[Exercise description]
Report back every line from the entries below in which the word "radius" occurs.

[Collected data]
=== Begin Enclosure ===

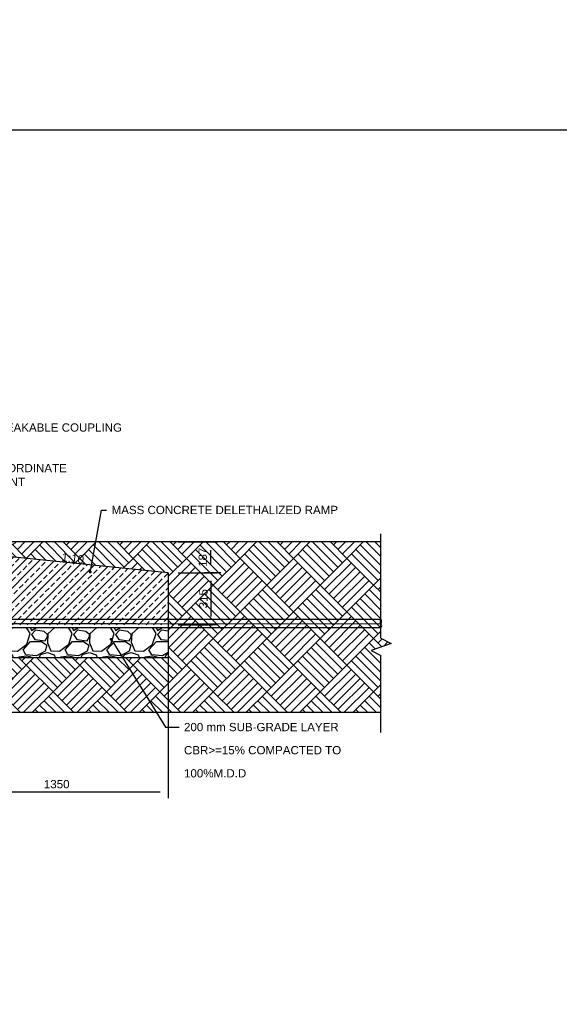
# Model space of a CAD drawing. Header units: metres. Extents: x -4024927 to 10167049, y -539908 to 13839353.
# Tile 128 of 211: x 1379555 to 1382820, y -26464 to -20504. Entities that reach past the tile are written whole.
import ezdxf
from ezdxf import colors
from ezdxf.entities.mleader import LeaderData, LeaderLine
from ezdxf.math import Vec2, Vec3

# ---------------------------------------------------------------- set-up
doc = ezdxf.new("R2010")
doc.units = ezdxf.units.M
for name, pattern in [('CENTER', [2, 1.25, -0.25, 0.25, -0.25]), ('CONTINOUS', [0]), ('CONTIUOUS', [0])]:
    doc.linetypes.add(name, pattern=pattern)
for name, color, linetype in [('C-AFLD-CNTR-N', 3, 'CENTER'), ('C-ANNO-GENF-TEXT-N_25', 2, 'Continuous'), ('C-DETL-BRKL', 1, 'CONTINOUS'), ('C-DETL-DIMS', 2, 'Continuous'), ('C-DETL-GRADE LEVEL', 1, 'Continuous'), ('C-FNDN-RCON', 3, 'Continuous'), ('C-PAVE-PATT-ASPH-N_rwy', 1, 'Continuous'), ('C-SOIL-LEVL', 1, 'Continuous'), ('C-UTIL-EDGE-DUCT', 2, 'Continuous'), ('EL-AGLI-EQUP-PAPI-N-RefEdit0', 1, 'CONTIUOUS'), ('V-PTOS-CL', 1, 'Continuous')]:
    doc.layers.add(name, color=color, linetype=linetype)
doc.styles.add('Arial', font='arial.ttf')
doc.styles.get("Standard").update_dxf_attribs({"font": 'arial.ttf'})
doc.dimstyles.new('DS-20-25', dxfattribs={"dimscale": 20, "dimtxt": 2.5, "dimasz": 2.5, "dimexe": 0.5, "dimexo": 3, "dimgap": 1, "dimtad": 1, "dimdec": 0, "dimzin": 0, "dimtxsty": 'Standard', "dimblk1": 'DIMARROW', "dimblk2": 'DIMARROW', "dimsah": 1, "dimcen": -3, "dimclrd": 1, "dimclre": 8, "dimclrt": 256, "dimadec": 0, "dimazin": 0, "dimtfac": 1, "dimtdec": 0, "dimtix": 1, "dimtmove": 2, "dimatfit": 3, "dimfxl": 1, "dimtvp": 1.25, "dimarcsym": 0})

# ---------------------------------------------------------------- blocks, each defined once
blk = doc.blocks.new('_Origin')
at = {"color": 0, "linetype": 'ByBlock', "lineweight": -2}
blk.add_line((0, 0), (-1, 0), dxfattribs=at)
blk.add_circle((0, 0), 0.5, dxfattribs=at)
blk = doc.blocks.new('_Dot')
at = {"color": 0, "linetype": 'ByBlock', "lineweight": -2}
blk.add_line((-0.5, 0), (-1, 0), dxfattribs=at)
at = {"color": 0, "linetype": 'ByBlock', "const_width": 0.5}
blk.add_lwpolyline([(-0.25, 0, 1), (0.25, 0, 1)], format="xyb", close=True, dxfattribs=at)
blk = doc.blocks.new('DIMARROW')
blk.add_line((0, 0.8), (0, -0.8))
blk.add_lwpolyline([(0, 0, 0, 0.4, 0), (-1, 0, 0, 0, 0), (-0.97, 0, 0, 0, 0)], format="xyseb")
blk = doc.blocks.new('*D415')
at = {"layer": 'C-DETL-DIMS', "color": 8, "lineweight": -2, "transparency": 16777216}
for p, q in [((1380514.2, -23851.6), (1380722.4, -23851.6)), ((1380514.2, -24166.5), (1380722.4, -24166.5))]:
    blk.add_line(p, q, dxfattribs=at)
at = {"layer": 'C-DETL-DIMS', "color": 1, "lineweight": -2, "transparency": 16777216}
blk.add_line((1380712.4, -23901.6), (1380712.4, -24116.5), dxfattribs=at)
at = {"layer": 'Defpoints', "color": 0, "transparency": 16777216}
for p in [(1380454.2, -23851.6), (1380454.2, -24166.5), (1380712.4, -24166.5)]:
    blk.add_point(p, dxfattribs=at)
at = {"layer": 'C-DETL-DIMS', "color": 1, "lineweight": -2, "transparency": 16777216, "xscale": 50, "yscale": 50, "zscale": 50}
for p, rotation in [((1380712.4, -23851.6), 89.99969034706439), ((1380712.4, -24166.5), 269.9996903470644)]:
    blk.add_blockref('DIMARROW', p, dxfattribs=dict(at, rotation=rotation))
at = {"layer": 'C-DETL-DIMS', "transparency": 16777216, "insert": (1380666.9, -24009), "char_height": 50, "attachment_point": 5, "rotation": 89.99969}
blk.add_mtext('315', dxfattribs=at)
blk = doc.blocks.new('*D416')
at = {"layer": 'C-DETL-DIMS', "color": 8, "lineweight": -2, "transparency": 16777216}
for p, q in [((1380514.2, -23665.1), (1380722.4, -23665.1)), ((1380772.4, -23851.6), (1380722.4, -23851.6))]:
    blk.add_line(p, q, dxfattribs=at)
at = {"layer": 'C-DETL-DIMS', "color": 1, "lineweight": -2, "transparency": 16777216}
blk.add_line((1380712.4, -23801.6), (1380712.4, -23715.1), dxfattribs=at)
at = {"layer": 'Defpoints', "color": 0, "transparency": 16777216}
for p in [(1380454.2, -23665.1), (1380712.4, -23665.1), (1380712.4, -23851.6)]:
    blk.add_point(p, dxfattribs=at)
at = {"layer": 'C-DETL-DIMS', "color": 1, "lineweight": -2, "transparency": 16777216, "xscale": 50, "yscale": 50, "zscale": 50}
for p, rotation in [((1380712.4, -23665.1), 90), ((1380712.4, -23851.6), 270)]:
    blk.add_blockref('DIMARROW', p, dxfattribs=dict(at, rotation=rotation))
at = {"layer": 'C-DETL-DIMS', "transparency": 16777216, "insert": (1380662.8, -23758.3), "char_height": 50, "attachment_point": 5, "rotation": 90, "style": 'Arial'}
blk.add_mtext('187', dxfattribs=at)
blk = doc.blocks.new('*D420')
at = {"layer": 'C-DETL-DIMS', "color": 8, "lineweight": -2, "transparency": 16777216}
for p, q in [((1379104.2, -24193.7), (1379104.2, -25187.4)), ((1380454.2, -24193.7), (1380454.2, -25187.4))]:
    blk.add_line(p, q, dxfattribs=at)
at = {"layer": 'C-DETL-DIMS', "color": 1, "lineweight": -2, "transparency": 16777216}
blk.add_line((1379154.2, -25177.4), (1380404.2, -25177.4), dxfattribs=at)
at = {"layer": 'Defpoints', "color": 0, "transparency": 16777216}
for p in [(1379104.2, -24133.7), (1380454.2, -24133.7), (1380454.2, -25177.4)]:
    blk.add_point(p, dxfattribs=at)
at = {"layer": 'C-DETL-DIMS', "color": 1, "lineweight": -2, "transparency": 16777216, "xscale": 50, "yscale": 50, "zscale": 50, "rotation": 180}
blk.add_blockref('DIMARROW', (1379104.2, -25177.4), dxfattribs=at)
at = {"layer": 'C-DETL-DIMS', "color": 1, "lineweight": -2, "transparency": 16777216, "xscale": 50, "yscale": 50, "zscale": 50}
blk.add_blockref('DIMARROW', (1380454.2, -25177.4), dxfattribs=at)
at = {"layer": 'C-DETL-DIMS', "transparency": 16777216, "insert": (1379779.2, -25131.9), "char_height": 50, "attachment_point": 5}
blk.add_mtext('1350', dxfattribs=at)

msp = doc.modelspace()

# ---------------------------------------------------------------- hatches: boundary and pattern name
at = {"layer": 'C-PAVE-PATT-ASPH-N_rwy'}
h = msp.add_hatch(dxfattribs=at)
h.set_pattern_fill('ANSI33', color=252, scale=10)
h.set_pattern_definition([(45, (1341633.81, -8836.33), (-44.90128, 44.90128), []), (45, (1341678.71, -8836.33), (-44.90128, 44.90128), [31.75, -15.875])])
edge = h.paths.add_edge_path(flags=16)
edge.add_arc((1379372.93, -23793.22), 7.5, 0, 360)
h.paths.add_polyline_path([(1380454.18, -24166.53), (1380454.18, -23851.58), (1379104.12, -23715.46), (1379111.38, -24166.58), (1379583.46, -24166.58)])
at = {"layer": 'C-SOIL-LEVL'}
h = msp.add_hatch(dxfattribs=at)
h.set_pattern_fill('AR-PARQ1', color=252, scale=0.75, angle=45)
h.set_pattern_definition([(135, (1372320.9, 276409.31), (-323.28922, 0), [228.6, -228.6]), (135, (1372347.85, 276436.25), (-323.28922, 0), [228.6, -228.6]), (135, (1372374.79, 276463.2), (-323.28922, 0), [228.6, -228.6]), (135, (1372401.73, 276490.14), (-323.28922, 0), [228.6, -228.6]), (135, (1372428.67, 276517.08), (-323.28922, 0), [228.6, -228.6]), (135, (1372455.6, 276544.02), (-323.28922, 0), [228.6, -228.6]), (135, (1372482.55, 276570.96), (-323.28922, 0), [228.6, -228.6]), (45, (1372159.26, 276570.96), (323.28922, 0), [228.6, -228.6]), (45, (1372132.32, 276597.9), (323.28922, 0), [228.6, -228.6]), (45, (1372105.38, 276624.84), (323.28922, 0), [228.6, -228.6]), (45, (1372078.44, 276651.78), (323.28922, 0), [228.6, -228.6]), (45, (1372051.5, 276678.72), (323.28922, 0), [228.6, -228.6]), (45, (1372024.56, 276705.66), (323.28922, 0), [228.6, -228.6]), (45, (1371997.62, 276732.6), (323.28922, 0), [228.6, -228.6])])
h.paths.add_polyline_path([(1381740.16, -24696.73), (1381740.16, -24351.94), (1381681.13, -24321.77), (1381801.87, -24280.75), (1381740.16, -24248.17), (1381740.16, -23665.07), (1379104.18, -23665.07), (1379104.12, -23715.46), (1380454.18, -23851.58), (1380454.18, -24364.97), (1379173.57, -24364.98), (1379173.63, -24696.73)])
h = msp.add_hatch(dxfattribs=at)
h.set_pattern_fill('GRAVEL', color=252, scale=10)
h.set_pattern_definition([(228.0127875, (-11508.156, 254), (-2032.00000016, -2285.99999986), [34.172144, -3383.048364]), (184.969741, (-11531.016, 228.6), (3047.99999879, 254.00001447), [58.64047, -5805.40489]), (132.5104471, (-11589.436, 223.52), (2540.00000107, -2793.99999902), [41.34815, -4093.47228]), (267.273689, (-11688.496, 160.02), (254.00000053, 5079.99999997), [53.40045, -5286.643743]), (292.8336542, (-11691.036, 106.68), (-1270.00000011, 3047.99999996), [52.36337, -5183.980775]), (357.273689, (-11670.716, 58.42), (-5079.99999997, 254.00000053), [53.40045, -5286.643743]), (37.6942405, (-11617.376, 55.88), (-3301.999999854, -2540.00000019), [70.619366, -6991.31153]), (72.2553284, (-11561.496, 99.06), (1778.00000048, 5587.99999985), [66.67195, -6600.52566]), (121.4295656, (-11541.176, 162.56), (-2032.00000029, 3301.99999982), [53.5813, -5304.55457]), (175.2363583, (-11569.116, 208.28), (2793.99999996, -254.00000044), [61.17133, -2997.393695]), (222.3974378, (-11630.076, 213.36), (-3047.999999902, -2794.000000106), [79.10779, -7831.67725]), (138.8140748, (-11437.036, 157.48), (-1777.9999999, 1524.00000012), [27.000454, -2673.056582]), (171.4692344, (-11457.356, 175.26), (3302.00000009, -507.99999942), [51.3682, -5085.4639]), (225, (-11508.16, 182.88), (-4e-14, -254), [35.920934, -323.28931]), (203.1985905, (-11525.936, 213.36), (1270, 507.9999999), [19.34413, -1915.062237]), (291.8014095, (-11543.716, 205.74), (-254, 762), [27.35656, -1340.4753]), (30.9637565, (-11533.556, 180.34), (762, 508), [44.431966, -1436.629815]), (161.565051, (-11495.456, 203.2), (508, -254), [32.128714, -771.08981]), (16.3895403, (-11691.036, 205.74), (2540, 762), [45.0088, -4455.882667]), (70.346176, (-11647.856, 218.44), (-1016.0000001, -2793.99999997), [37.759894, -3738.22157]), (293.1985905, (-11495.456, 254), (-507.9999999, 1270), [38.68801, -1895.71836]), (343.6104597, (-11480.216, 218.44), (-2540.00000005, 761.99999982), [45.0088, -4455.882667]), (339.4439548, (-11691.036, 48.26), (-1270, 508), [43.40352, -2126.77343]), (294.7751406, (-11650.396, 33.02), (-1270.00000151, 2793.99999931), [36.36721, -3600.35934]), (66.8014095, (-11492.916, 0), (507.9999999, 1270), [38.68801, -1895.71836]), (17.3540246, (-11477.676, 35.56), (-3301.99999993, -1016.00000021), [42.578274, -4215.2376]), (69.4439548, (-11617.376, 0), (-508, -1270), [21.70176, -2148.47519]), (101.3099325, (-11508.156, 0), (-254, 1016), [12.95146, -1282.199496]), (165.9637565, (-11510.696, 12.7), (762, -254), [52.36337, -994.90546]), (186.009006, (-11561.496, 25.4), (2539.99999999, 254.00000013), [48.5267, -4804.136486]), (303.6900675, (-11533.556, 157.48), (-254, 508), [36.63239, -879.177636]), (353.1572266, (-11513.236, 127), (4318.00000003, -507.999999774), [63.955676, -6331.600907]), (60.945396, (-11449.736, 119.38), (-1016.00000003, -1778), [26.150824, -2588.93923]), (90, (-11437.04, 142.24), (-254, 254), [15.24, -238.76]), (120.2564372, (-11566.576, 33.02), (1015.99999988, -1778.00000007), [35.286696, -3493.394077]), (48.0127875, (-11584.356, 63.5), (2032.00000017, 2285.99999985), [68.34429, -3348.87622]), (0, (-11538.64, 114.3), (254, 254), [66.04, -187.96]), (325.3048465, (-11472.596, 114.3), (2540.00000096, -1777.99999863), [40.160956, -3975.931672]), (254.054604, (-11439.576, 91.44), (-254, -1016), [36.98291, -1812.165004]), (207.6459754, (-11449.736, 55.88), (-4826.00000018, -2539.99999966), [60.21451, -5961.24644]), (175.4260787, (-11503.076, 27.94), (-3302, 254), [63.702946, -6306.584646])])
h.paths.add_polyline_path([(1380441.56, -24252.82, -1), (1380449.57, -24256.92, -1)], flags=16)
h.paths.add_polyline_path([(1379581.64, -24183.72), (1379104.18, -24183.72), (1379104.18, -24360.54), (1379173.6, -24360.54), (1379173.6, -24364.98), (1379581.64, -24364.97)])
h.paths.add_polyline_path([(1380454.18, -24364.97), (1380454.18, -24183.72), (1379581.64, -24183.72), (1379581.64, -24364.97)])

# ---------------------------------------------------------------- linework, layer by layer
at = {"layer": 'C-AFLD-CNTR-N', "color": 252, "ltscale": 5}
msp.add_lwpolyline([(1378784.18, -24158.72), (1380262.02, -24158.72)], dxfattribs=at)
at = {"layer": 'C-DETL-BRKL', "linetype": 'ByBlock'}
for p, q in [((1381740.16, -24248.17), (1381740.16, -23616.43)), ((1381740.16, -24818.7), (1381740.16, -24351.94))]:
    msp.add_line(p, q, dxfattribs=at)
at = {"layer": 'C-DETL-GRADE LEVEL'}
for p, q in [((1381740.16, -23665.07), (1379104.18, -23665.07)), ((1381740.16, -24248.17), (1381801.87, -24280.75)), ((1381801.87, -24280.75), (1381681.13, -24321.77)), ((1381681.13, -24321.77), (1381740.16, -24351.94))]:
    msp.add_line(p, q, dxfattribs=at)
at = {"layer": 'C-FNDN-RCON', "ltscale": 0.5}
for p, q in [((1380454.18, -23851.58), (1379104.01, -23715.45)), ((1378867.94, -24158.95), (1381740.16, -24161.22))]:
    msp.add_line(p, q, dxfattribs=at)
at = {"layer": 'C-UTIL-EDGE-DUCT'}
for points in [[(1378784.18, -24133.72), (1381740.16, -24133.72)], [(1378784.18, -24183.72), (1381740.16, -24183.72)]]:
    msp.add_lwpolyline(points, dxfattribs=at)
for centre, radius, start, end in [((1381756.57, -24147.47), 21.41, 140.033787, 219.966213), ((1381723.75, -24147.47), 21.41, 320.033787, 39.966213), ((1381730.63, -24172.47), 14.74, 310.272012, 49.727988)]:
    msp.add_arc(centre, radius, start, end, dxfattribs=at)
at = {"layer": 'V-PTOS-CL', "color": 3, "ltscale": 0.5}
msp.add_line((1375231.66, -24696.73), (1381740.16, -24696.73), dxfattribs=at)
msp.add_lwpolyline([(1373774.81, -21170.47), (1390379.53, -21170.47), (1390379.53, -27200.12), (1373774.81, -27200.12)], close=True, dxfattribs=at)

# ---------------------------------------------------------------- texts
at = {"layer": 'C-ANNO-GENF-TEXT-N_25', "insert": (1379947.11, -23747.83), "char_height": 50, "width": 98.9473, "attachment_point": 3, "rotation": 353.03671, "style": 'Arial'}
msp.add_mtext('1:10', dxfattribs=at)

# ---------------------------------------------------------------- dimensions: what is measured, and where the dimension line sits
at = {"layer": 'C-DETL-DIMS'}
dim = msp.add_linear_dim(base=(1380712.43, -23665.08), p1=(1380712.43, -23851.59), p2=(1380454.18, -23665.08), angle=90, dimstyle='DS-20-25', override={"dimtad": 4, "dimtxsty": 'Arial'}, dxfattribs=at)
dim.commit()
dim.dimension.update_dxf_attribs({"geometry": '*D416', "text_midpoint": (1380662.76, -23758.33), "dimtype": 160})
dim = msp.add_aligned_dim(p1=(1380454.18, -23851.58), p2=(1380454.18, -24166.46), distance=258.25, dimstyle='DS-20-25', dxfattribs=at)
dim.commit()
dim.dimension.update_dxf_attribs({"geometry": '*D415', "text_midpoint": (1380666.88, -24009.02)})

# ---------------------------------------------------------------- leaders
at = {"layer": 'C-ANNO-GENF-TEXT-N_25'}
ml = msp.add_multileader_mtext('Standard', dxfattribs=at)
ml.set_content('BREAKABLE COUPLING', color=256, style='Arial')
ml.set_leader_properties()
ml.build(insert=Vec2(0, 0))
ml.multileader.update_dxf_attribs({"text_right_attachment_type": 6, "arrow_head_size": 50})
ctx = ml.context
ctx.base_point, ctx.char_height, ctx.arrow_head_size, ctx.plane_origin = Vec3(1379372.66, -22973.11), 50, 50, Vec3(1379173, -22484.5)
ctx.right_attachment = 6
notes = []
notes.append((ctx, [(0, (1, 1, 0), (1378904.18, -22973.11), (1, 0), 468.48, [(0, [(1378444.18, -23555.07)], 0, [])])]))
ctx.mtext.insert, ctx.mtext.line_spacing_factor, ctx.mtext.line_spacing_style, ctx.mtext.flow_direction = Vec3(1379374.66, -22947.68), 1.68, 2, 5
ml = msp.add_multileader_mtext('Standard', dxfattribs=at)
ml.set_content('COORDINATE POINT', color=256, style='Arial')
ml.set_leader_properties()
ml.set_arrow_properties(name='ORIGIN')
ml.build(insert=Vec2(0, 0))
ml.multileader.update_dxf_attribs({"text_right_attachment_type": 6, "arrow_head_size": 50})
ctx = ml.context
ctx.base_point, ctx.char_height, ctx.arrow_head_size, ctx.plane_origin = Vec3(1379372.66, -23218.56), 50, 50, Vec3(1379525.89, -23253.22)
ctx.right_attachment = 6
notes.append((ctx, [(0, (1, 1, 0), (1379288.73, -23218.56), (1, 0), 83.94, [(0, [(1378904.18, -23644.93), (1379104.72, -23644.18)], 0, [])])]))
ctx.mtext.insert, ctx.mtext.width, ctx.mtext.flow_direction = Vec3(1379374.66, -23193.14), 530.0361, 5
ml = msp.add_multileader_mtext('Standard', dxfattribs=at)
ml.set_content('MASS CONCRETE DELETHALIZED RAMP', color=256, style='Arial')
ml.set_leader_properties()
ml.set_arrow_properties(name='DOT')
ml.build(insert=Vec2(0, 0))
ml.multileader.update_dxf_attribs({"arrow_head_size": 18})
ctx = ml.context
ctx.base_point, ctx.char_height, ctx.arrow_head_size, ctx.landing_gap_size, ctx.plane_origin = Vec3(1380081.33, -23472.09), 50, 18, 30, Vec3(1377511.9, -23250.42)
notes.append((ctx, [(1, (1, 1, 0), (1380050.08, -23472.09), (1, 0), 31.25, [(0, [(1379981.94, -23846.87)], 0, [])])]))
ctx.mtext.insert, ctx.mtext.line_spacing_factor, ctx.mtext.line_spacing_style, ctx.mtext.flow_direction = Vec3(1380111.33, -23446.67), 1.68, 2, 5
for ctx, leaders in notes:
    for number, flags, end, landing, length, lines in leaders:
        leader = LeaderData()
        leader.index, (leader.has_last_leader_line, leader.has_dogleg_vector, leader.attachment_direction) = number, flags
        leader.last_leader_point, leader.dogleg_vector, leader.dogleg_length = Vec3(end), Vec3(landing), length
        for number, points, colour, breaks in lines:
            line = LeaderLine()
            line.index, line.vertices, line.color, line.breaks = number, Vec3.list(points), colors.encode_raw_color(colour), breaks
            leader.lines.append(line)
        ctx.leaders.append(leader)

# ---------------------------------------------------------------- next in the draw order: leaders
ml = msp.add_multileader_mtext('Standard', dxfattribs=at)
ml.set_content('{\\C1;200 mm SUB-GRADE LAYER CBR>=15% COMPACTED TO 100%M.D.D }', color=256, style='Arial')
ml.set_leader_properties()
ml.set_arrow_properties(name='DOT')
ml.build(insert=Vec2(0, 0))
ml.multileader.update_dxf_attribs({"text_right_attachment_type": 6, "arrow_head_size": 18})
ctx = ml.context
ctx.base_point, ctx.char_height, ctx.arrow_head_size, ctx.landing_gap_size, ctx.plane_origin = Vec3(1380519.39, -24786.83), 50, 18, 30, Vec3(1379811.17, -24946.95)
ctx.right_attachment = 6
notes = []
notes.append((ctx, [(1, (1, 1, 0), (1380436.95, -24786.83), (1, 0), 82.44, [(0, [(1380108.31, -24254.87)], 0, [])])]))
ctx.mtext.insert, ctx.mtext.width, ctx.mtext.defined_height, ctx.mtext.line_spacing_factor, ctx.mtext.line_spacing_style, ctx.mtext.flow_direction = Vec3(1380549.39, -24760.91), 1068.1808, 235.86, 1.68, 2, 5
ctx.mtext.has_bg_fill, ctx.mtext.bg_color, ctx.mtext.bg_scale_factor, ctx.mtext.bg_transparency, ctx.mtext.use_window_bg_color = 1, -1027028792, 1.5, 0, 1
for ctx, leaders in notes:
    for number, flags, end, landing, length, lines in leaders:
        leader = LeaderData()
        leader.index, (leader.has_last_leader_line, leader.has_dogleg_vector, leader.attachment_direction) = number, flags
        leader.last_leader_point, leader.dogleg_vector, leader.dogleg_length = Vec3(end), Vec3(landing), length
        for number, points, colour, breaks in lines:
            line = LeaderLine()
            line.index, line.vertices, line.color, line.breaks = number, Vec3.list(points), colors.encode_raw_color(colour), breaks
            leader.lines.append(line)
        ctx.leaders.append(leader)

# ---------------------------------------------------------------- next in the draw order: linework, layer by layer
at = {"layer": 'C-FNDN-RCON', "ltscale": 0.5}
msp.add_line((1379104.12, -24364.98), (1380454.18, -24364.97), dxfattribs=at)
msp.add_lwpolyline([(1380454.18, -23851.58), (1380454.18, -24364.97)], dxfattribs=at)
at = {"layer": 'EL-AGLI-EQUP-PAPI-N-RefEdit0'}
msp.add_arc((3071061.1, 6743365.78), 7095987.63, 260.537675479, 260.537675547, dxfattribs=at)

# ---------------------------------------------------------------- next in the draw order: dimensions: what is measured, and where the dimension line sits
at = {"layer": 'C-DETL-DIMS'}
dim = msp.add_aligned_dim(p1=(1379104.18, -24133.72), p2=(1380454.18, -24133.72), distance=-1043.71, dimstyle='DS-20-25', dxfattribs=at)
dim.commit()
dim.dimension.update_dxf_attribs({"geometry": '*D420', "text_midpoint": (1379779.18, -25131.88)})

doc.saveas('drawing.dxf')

=== End Enclosure ===

[Finished task]
for centre, radius, start, end in [((1381756.57, -24147.47), 21.41, 140.033787, 219.966213), ((1381723.75, -24147.47), 21.41, 320.033787, 39.966213), ((1381730.63, -24172.47), 14.74, 310.272012, 49.727988)]:
    msp.add_arc(centre, radius, start, end, dxfattribs=at)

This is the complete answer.